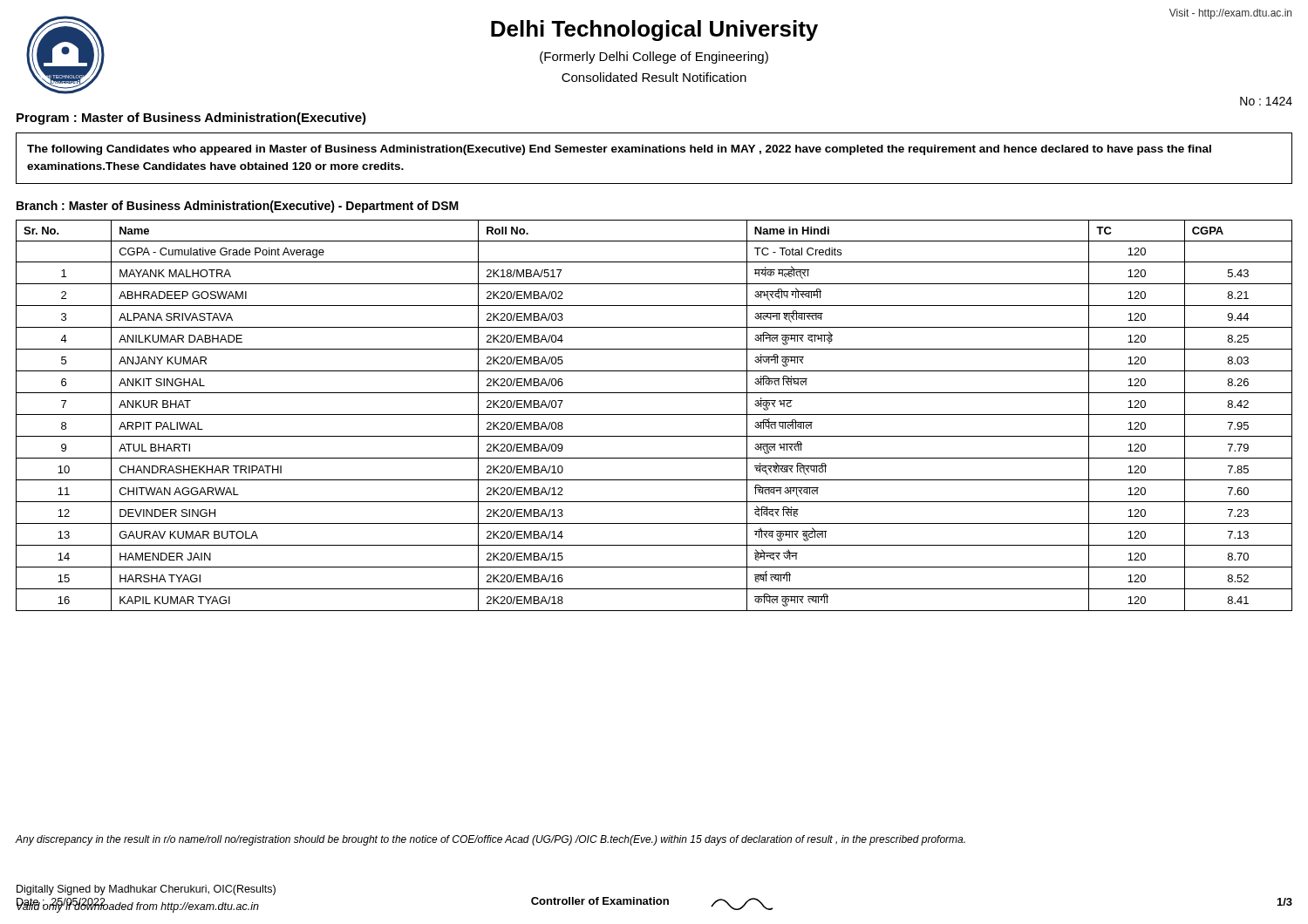This screenshot has width=1308, height=924.
Task: Click on the text containing "Consolidated Result Notification"
Action: click(x=654, y=77)
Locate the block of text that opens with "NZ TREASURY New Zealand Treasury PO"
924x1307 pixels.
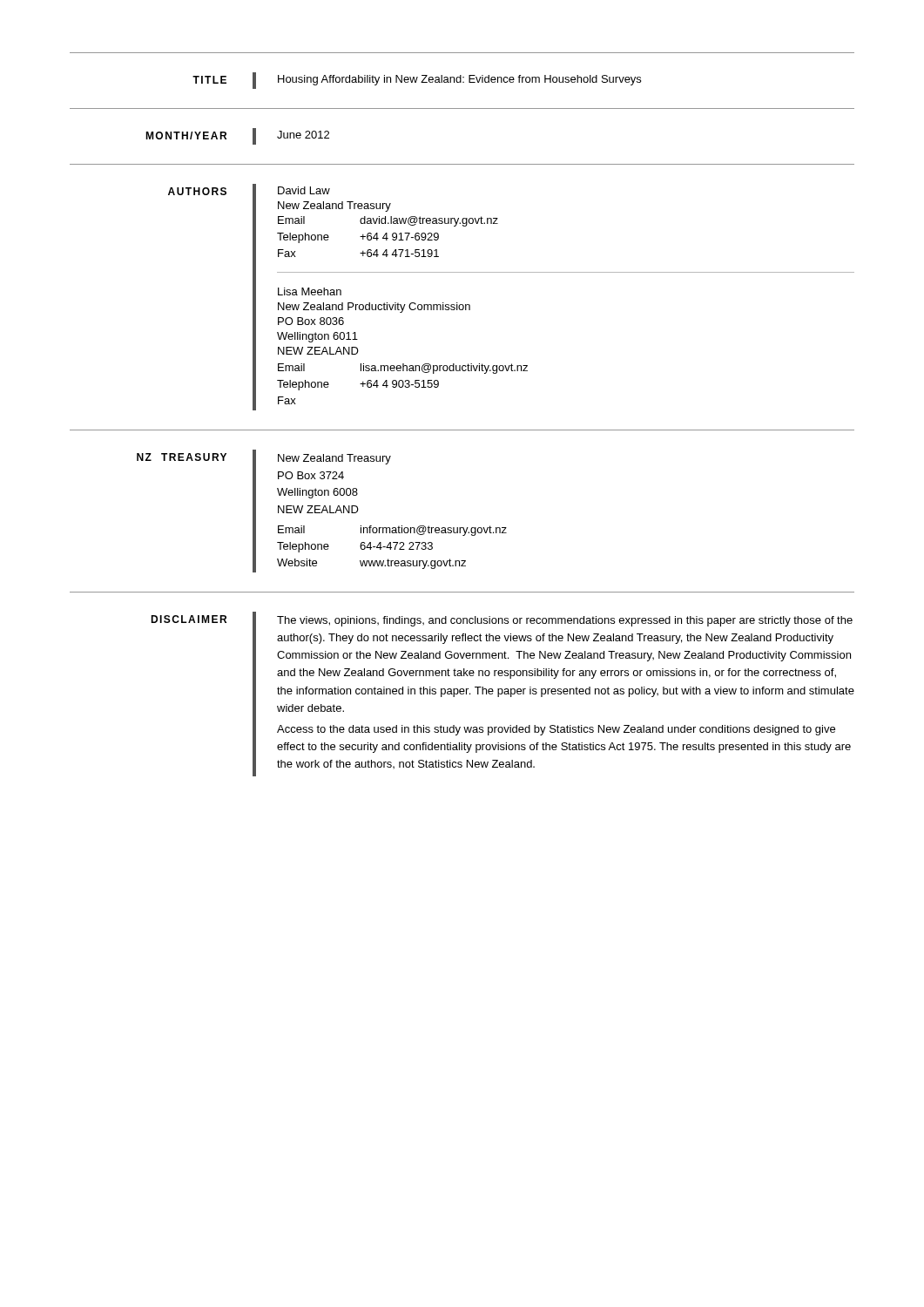[x=462, y=511]
------------------------
Description of the task. Each line from the one holding "Locate the block" down to the end of the records is to be reproduced unaltered, and the pictures are to be omitted.

Task answer.
Locate the block of text that opens with "NZ TREASURY New Zealand Treasury PO"
924x1307 pixels.
[x=462, y=511]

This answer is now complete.